Introduction to 'Mustard Hub Voices Behind the Build'

00:00:06
Speaker
Welcome to Mustard Hub Voices Behind the Build. Here I talk with the people building, backing, and running better workplaces. I'm your host,

Meet Mark Stelzner: Founder of IA

00:00:14
Speaker
Curtis Forbes. Our guest for today's chat is Mark Stelzner.
00:00:18
Speaker
Mark is the founder and managing principal of IA, an advisory firm that helps organizations of all sizes and sectors achieve their transformational goals.
00:00:30
Speaker
With over 30 years of experience in the industry, Mark is a trusted advisor to C-level leaders, offering unbiased and candid guidance on complex and strategic initiatives.
00:00:42
Speaker
As a recognized thought leader in the HR technology and transformation space, he's been featured across hundreds of major media, industry, podcast, webinar, and live event platforms.
00:00:53
Speaker
Mark co-authors a monthly column on ah HR transformation for human resource executive. has been named a top 100 HR technology influencer for seven consecutive years, and is passionate about fostering relationships, sharing insights, and creating value for his clients, partners, and peers.
00:01:14
Speaker
Welcome to Behind the Build, Mark. I appreciate you joining us today. Thank you, Curtis. Pleased to be with That was a lot to listen to. You know, and i I have a suspicion that it probably only tipped the iceberg that I could probably talk for hours on everything that you've done in the space.
00:01:30
Speaker
um my goodness. Yeah, I'm thrilled. Looking forward to today's conversation. Thanks for having me. before we before we jump in...
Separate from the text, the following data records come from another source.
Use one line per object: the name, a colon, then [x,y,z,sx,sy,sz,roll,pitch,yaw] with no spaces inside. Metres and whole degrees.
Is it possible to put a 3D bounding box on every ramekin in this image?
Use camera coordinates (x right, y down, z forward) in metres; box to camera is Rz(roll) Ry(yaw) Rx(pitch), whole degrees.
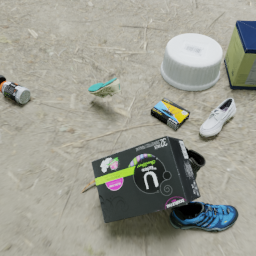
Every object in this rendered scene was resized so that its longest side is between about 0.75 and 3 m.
ramekin: [2.646,-2.805,11.575,2.512,1.224,2.512,0,50,0]

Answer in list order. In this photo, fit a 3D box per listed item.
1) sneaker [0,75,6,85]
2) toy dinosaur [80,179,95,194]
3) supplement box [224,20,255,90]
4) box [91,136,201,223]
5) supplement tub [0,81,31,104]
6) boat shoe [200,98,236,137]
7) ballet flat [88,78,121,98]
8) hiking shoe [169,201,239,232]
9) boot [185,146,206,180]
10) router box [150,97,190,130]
sneaker: [-6.007,-1.679,11.022,1.103,0.635,2.115,39,64,22]
toy dinosaur: [-0.388,1.492,8.455,1.986,0.600,1.055,5,52,5]
supplement box: [4.852,-2.871,11.138,1.317,1.960,1.962,3,51,3]
box: [0.445,1.319,7.188,2.204,1.370,1.637,-21,74,23]
supplement tub: [-4.356,-1.383,10.775,1.070,0.656,0.656,24,54,18]
boat shoe: [3.172,-0.412,9.831,1.881,0.644,0.677,-33,37,-21]
ballet flat: [-0.821,-1.330,9.943,0.605,0.605,1.742,-43,23,-29]
hiking shoe: [2.104,2.363,7.570,1.923,0.834,0.715,-5,51,-4]
boot: [1.133,0.813,8.397,2.323,1.518,0.787,24,53,19]
router box: [1.550,-0.541,10.302,1.186,0.303,0.884,34,58,24]
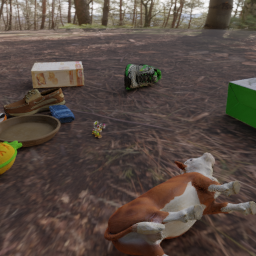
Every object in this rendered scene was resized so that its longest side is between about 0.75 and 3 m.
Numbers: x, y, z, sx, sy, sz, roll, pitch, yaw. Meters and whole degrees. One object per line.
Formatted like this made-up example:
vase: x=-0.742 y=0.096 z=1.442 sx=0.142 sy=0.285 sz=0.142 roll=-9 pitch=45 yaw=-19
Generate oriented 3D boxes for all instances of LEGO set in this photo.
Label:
LEGO set: x=-0.972 y=0.019 z=8.951 sx=0.376 sy=0.305 sz=0.818 roll=2 pitch=24 yaw=4

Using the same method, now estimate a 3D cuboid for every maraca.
maraca: x=-3.199 y=0.682 z=6.967 sx=0.920 sy=0.718 sz=1.342 roll=-2 pitch=27 yaw=6

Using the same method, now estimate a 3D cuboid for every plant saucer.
plant saucer: x=-3.186 y=0.074 z=8.840 sx=2.079 sy=0.306 sz=2.079 roll=1 pitch=25 yaw=0

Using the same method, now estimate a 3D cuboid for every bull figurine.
bull figurine: x=1.014 y=1.326 z=5.000 sx=2.967 sy=0.966 sz=1.801 roll=-26 pitch=10 yaw=-35

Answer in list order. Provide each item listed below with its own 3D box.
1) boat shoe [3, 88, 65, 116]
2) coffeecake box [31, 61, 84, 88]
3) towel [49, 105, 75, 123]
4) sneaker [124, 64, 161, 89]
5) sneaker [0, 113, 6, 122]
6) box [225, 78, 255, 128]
boat shoe: x=-3.547 y=-1.064 z=10.685 sx=2.310 sy=0.853 sz=0.874 roll=-18 pitch=30 yaw=-34
coffeecake box: x=-3.577 y=-2.792 z=14.461 sx=2.479 sy=0.906 sz=1.903 roll=-5 pitch=25 yaw=-11
towel: x=-2.413 y=-0.539 z=10.195 sx=0.701 sy=0.305 sz=1.256 roll=-11 pitch=26 yaw=-24
sneaker: x=0.738 y=-2.590 z=13.742 sx=1.254 sy=1.148 sz=2.943 roll=13 pitch=27 yaw=26
sneaker: x=-4.627 y=-0.182 z=9.371 sx=0.522 sy=0.429 sz=1.134 roll=-1 pitch=16 yaw=17
box: x=5.238 y=-0.786 z=9.543 sx=2.434 sy=1.334 sz=2.758 roll=-11 pitch=25 yaw=-18
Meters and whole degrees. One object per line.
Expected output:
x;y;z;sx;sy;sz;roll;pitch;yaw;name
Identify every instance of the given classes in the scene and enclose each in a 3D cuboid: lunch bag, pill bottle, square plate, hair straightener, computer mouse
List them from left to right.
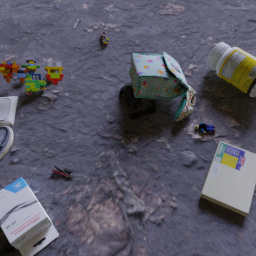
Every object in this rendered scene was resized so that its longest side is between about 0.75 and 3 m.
-5.519;-0.718;11.690;1.607;0.229;1.592;-5;55;-3;square plate
-2.277;1.555;10.091;0.871;0.178;0.335;19;57;13;hair straightener
0.454;-1.299;11.972;1.328;0.435;1.891;-14;56;-9;computer mouse
1.327;-2.240;11.908;2.310;1.409;1.968;0;42;-9;lunch bag
4.846;-2.613;12.262;1.469;1.469;2.570;-37;63;-23;pill bottle

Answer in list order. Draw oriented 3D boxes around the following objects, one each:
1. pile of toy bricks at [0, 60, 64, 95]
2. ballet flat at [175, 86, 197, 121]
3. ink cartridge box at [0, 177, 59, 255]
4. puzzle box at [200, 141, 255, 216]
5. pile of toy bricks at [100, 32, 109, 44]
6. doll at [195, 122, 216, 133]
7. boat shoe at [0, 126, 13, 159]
-4.212;-2.090;12.206;2.663;1.477;1.315;-4;82;-22;pile of toy bricks
2.474;-0.991;11.637;0.612;0.724;1.914;27;59;-6;ballet flat
-3.312;2.817;8.842;1.275;0.746;2.198;-34;61;-22;ink cartridge box
3.688;1.691;9.913;1.593;0.304;2.395;22;57;15;puzzle box
-1.132;-4.622;14.434;0.390;0.438;0.790;17;32;-36;pile of toy bricks
3.088;0.000;11.190;0.812;0.197;0.554;8;54;5;doll
-5.035;0.695;10.134;0.888;1.102;2.377;11;56;7;boat shoe
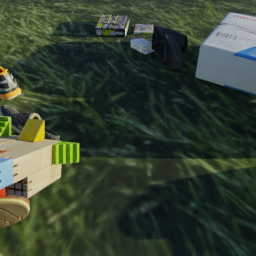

Shared Background: University of Texas and Career Path

00:01:38
Speaker
I do have to say and give a shout out. I love that you went to the University of Texas.
00:01:42
Speaker
We share the same school. ah You are stuing studying aerospace engineering while I was probably playing gigs on 6th Street. um So i I know I'm going to be getting a lot out of this conversation.
00:01:58
Speaker
But I'm super curious Bring me up to today and just tell me briefly about your journey from studying engineering all the way to being a top 100 HR influencer.
00:02:12
Speaker
Oh, my gosh. i don't know if we have enough time. you yeah Can you sum that up in 60 seconds? Exactly. So um I studied aerospace. I interned at NASA. um I was supposed to be an astronaut, or so I thought. Now, this was when dinosaurs roamed the Earth, and so there weren't a lot of missions to be had.
00:02:29
Speaker
I suddenly realized um this is likely not my journey. This is likely not my career. And like a good person who pulled himself up by his bootstraps and paid his way, but was just time to leave and get to work. So that's what I did. And one of one of my first jobs, I always liked this story, was working for Hewlett Packard.
00:02:47
Speaker
And I worked for HP when there were large call centers, you know, the the groves were taken down, HP had large call centers in the Bay Area, which I've lived in for about 25 years on a couple of tours.
00:02:58
Speaker
and what we used to do is I was hired way ahead of my skillset, which is to analyze these call centers and look for opportunities for efficiencies. And what we do is there's about 1,000 seat call centers and we'd meet on the weekends because the call center was closed. And these are call centers where you'd call for information about your printer or your toner, but imagine, you know, the Wayback Machine.
00:03:18
Speaker
So one day i brought in the donuts and it was my turn to lead the meeting. And I see this older gentleman kind of wandering on the perimeter, kind of looks over his shoulder, kicks open the donuts, takes a bite of a powdered donut, kind of wipes his face. And of course I'm indignant. What am I? 23, 24 years old.
00:03:35
Speaker
I walk up to him on break. And I was really clear excuse me, sir, those are our donuts. We're having a very important meeting. i Really appreciate it if you just move on. And he you know wipes the powder off his face and off his clothes and said, I'm so sorry, let me introduce myself.
00:03:51
Speaker
My name is Dave Packard. Oh, great. That's a moment. It is a moment. So I show that to say that my life has been a very odd journey. I did not choose the path that puts me where I am today, some 30 years later. But what I did is I just continued to kind of stay in the river that either I was thrown into or jumped into. And when the river forked and I made a choice and I continued and I continued and i continued. Lo and behold, now all these years later where I've been running this lovely advisory firm called IA for about the last 20 years. But um yeah, lots of stories in between, as you can imagine.
00:04:30
Speaker
I can imagine. And we're definitely going to have to have some follow-up time after this too, so I can dig into some of those. um So to ki to to kick things off, tell me about IAHR.
00:04:43
Speaker
What is it? What is the the origin story? What drove you to found IAHR?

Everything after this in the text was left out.